(Beginning of RECORDS)

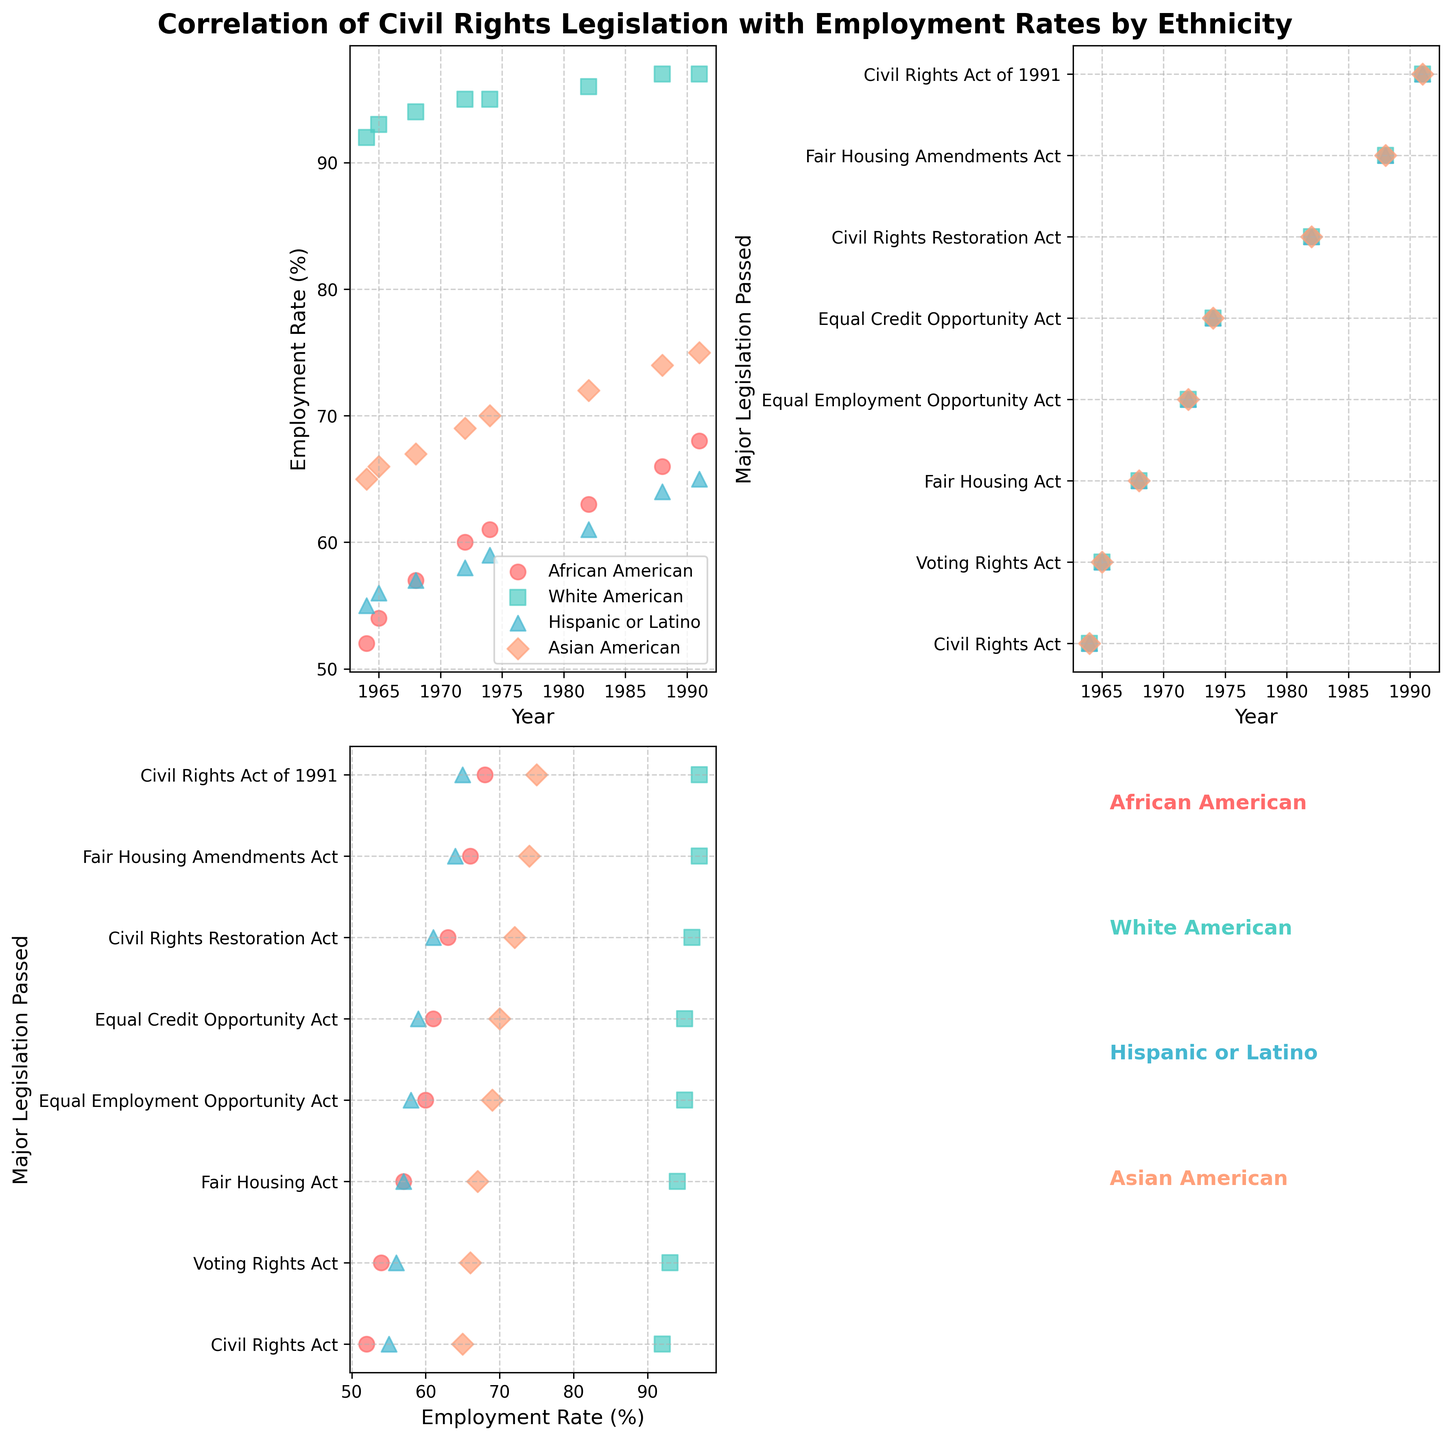What is the title of the figure? The title is located at the top center of the figure, which reads "Correlation of Civil Rights Legislation with Employment Rates by Ethnicity".
Answer: Correlation of Civil Rights Legislation with Employment Rates by Ethnicity Which axes compare Employment Rate with Year? The subplots that compare Employment Rate with Year are specifically the first subplot on the top-left. The x-axis is for Year and the y-axis is for Employment Rate (%).
Answer: The top-left plot How many ethnic groups are represented in the figure? The number of different ethnic groups can be determined by the number of unique legend entries or colors in the scatter plots. There are four, which are African American, White American, Hispanic or Latino, and Asian American.
Answer: Four Which ethnic group had the lowest Employment Rate in 1964? To find the lowest Employment Rate in 1964, look at the scatter points for the year 1964 in the top-left plot. The African American group has the lowest rate at 52%.
Answer: African American What was the Employment Rate for Asian Americans in 1982? Check the top-left subplot for the scatter points corresponding to Asian Americans in the year 1982. The Employment Rate for Asian Americans in 1982 is 72%.
Answer: 72% How does the Employment Rate of Hispanic or Latino in 1974 compare with African Americans in the same year? Look at the scatter points for both Hispanic or Latino and African American groups in the year 1974 on the top-left plot. The Employment Rate for Hispanic or Latino is 59%, while for African American it is 61%. Hispanic or Latino is slightly lower.
Answer: Hispanic or Latino is lower What trend is observed in the Employment Rates of White Americans from 1964 to 1991? Observing the scatter points for White Americans from 1964 to 1991 in the top-left plot, the Employment Rates show a slight upward trend, starting at 92% and peaking at 97%.
Answer: Slight upward trend Which year had major legislations according to the middle-right scatter plot, and how many such legislations are there? The middle-right plot shows Major Legislation Passed by Year. By counting the unique points on the y-axis, there are 8 major legislations detailed in the dataset.
Answer: 8 legislations What is the Employment Rate trend for African Americans before and after the Voting Rights Act of 1965? By looking at the Employment Rates for African Americans in the years surrounding 1965, before the year 1965 the rate is 52% in 1964, and 54% in 1965. After, in 1968 it is 57%, indicating an upward trend.
Answer: Upward trend Does the Employment Rate for Asian Americans change consistently with each major legislation passed? Observing the pattern of points for Asian Americans in the top-left and bottom-left plots, the Employment Rate for Asian Americans generally increases, but not necessarily with every single legislation passed, showing some fluctuations.
Answer: Generally increases with fluctuations 
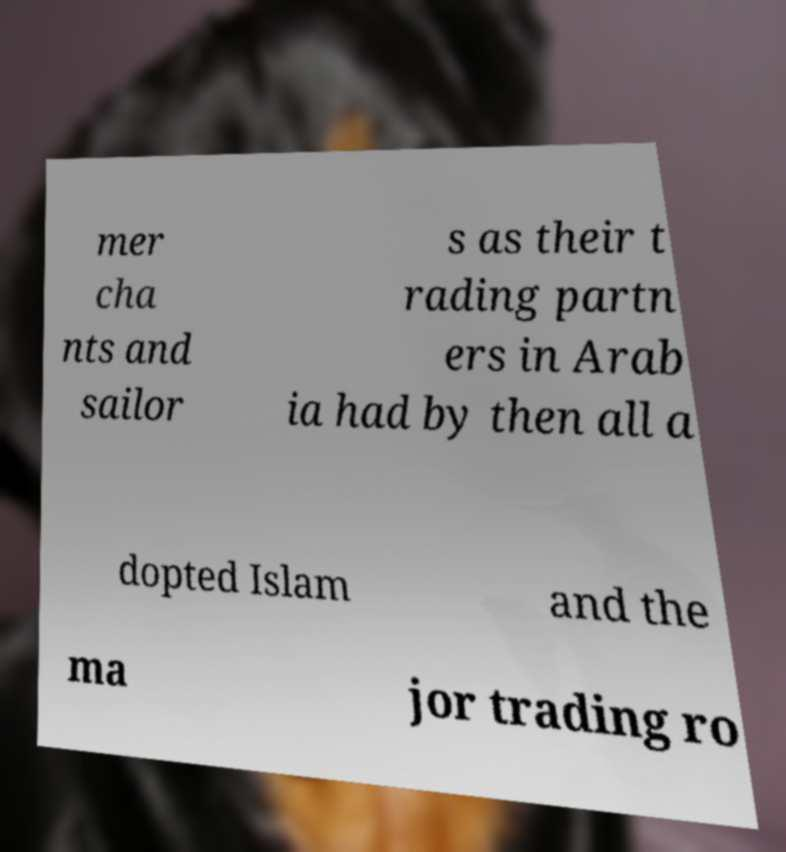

(End of RECORDS)

• _PROBLEM TO WORK ON_
What you return must match the material above exactly, apart from its pictures.

• _COMPLETED EXERCISE_
What is the title of the figure? The title is located at the top center of the figure, which reads "Correlation of Civil Rights Legislation with Employment Rates by Ethnicity".
Answer: Correlation of Civil Rights Legislation with Employment Rates by Ethnicity Which axes compare Employment Rate with Year? The subplots that compare Employment Rate with Year are specifically the first subplot on the top-left. The x-axis is for Year and the y-axis is for Employment Rate (%).
Answer: The top-left plot How many ethnic groups are represented in the figure? The number of different ethnic groups can be determined by the number of unique legend entries or colors in the scatter plots. There are four, which are African American, White American, Hispanic or Latino, and Asian American.
Answer: Four Which ethnic group had the lowest Employment Rate in 1964? To find the lowest Employment Rate in 1964, look at the scatter points for the year 1964 in the top-left plot. The African American group has the lowest rate at 52%.
Answer: African American What was the Employment Rate for Asian Americans in 1982? Check the top-left subplot for the scatter points corresponding to Asian Americans in the year 1982. The Employment Rate for Asian Americans in 1982 is 72%.
Answer: 72% How does the Employment Rate of Hispanic or Latino in 1974 compare with African Americans in the same year? Look at the scatter points for both Hispanic or Latino and African American groups in the year 1974 on the top-left plot. The Employment Rate for Hispanic or Latino is 59%, while for African American it is 61%. Hispanic or Latino is slightly lower.
Answer: Hispanic or Latino is lower What trend is observed in the Employment Rates of White Americans from 1964 to 1991? Observing the scatter points for White Americans from 1964 to 1991 in the top-left plot, the Employment Rates show a slight upward trend, starting at 92% and peaking at 97%.
Answer: Slight upward trend Which year had major legislations according to the middle-right scatter plot, and how many such legislations are there? The middle-right plot shows Major Legislation Passed by Year. By counting the unique points on the y-axis, there are 8 major legislations detailed in the dataset.
Answer: 8 legislations What is the Employment Rate trend for African Americans before and after the Voting Rights Act of 1965? By looking at the Employment Rates for African Americans in the years surrounding 1965, before the year 1965 the rate is 52% in 1964, and 54% in 1965. After, in 1968 it is 57%, indicating an upward trend.
Answer: Upward trend Does the Employment Rate for Asian Americans change consistently with each major legislation passed? Observing the pattern of points for Asian Americans in the top-left and bottom-left plots, the Employment Rate for Asian Americans generally increases, but not necessarily with every single legislation passed, showing some fluctuations.
Answer: Generally increases with fluctuations 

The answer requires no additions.